Leading electrotechnical trade body ECA has responded to the Government’s Energy Security Strategy saying whilst it broadly supports the Government’s ambitions for solar and wind power, it urged the Government to focus first on energy efficiency, retrofitting ageing housing stock, and creating the right conditions for upskilling the electrotechnical workforce.
Luke Osborne, ECA Energy Solutions Advisor said: “The quickest route to energy security is to reduce our energy use by retrofitting our aging housing stock. By creating better incentives for energy efficient buildings, such as a home insultation scheme and an expansion of the Boiler Upgrade Scheme to include other low carbon, energy saving solutions, consumers would see an immediate reduction in fuel bills. These are solutions that are available now and can make a difference now. Boosting oil and gas is not an acceptable short-term measure – energy efficiency is. The notion that we can delay our switch to low carbon energy by burning more fossil fuels in the interim is misguided, especially in light of the IPCC’s latest climate change report.”
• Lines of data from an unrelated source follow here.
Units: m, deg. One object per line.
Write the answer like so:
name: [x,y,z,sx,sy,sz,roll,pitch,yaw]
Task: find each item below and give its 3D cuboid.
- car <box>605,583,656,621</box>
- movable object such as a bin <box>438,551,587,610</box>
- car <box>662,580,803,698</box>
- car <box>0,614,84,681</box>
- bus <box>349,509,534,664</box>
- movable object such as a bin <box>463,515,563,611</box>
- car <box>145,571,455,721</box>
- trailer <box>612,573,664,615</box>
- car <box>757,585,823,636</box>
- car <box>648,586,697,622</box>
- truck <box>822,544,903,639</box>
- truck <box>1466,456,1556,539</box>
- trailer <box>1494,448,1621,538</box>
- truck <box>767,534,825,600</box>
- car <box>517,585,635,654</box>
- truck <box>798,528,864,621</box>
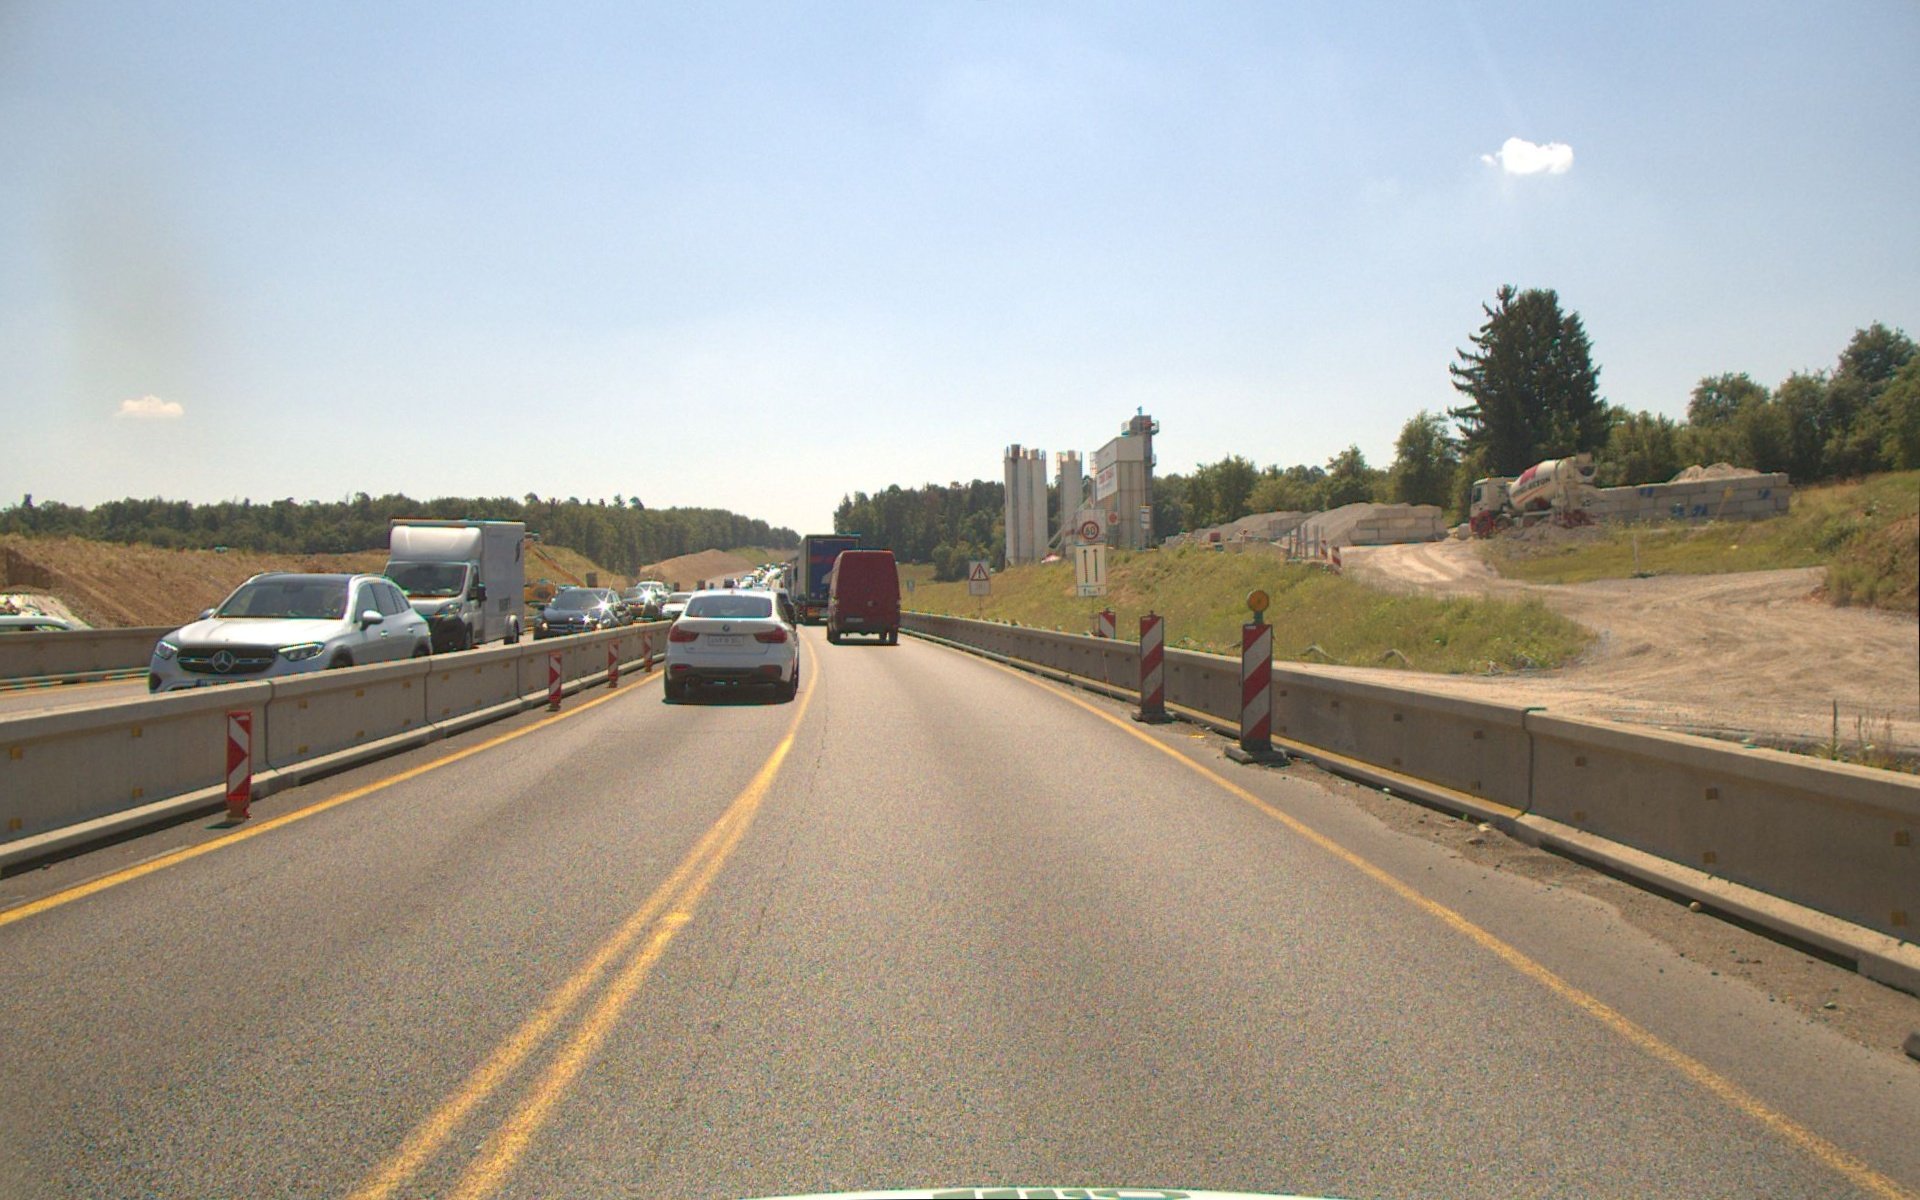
car: [-15.350,0.073,77.259,1.886,1.708,4.711,0,0,-6]
movable object such as a bin: [-58.325,-2.539,216.179,18.364,7.357,3.609,-1,0,-9]
car: [-3.258,0.507,24.509,1.760,1.561,5.068,0,0,-4]
car: [-21.969,1.091,38.030,3.160,1.481,1.531,-1,0,-32]
bus: [-11.688,-0.317,37.946,2.302,3.180,7.224,-1,0,-3]
movable object such as a bin: [-37.638,-3.096,139.480,7.489,7.848,3.442,-1,0,-5]
car: [-7.446,0.450,19.226,1.759,1.501,4.776,-1,0,-1]
trailer: [-16.034,-0.333,82.671,2.090,2.016,5.228,0,1,-6]
car: [-5.415,0.313,53.042,1.758,1.561,3.930,-1,0,-1]
car: [-12.453,0.152,71.808,1.781,1.481,4.629,-1,0,-6]
truck: [-3.043,-0.264,50.355,2.071,2.679,6.474,-1,0,-7]
truck: [29.218,-5.379,87.860,2.700,4.167,4.083,-1,0,-15]
trailer: [30.219,-5.353,83.994,2.711,4.186,6.718,-1,0,-15]
truck: [-12.333,-2.434,125.398,3.609,4.773,9.749,-1,0,-2]
car: [-8.634,0.402,37.522,1.772,1.439,4.397,-1,0,-2]
truck: [-6.356,-1.206,80.366,2.957,4.225,8.262,-1,0,-6]

Andrew Eldred, ECA Director of Workforce and Public Affairs said: “Measures to encourage electricians to upskill are urgently needed as they are essential to delivering the ambitions set out in this strategy. Without a properly trained and qualified workforce, the UK cannot meet its low-carbon energy needs. We urge the Government to listen to the electrotechnical sector and focus its drive on giving competent firms and individuals the confidence to invest in low-carbon upskilling, as a starting point on our way to energy independence and Net Zero.”
Jay Parmar, Chief Executive of the JIB, said: “The JIB welcomes the arrival of the Government’s eagerly anticipated Energy Strategy. The shift away from non-renewable energy sources towards a more sustainable future is vital if we are to meet the target of net zero carbon and affordable energy by 2050. The JIB will continue to work with industry bodies to ensure there is a trained, competent and skilled workforce in place to deliver a greener built environment.”